On retourne en ville, si je puis dire, il y a toujours du monde, malgre la pluie. Le poncho est de rigueur. On visite la partie superieure au milieu des groupes et de leur guide. C´est etonnant car ils ne disent pas tous la meme chose. En fait, je crois que personne ne sait et que meme les deux trois indications sur la brochure, ne sont que pures speculations pour donner des noms aux quartiers et edifices. Ainsi le temple du soleil est rikiki, mais c´est le seul de forme arrondi. Il y a aussi des pierres energisantes qui ont ete taillees de la forme des montagnes environnantes. Le principal cadran solaire, lui fait parti de la montagne, il s´agit de la roche qui a ete directement sculptee. On est fatigue, mais j´ai envie de voir la porte du soleil, de l´autre cote de la cite par rapport au Wayna Picchu. Un autre reproche que l´on peut faire, c´est qu´il n´y a aucune indication de distance ou duree pour aller voir les sites eloignes.

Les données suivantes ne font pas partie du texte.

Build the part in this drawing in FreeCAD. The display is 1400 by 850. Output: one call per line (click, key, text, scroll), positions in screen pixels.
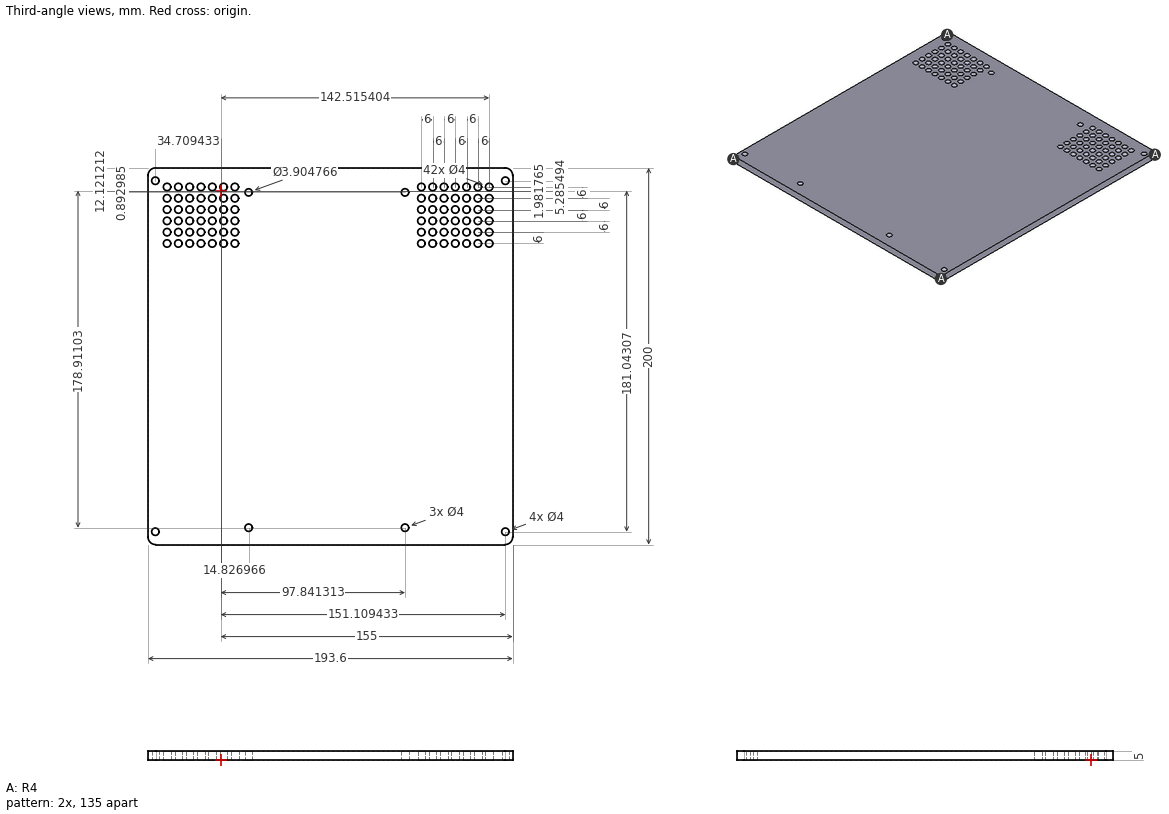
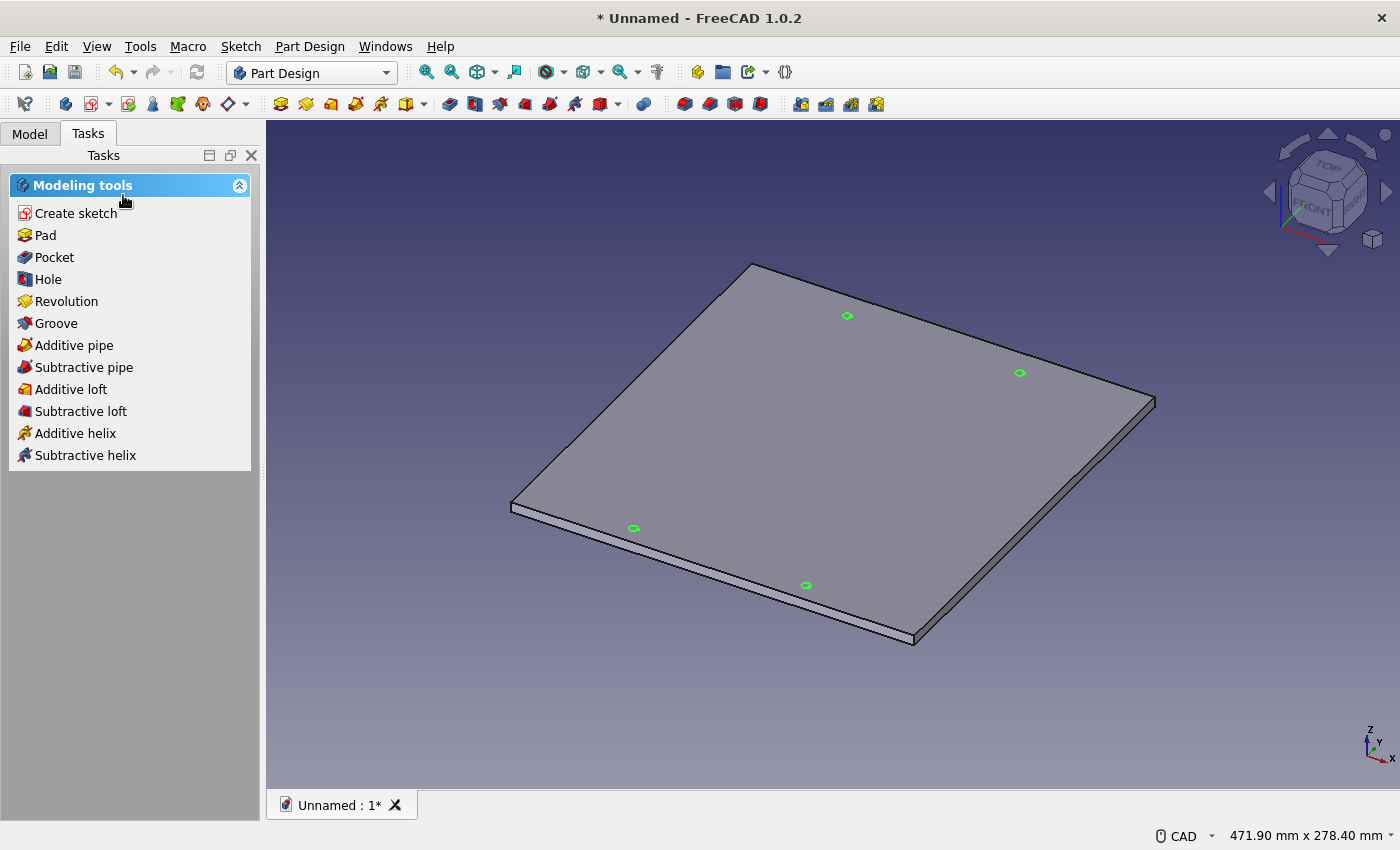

Ainsi on part mais on ne sait pas pour combien de temps. Anne-Laure trop fatiguee, s´arrete sur le chemin. On est toujours sous la pluie, mais un brouillard epais a tout enseveli, on ne voit plus rien. La fameuse porte ne m´ apparait que lorsque je suis le nez dessus. Il s´agit en fait d´une construction a plusieurs portes, des arcades quoi, qui marque le passage du col entre deux vallees. Du chemin qui vient de l´autre cote, arrivent les gens qui font le fameux trek, ils sont charges tres leger. Ils ont l´air heureux d´en avoir fini, moi je suis deg pour mes photos, car ils restent plantes la. De toute facon, ca n´en vaut pas la peine et on ne voit rien. Demi tour, retour au machu picchu, on profite de la proche fermeture pour s´y balader une derniere fois. Des lamas sont la pour nous dire au revoir, on quitte les lieux.
Dernier petit coup de gueule avant de partir : il est honteux qu´il n´y ait aucune toilette sur l´ensemble du site. Du coup les gens font partout. Ne vous promenez pas hors des sentiers, vous risqueriez de marcher dedans. Et le pire c´est que pour 40 dol, il faut en rajouter pour faire son petit besoin dans les sanitaires a l´entree. Le machu picchu est vraiment sympa a voir, mais le prix pratique est beaucoup trop eleve (meme pour les peruviens, c´est la moitie des etrangers), surtout vu l´infrastructure mise en place. Le site fait vrai, il est propre, mais l´impression d´ensemble laisse penser a une usine a fric.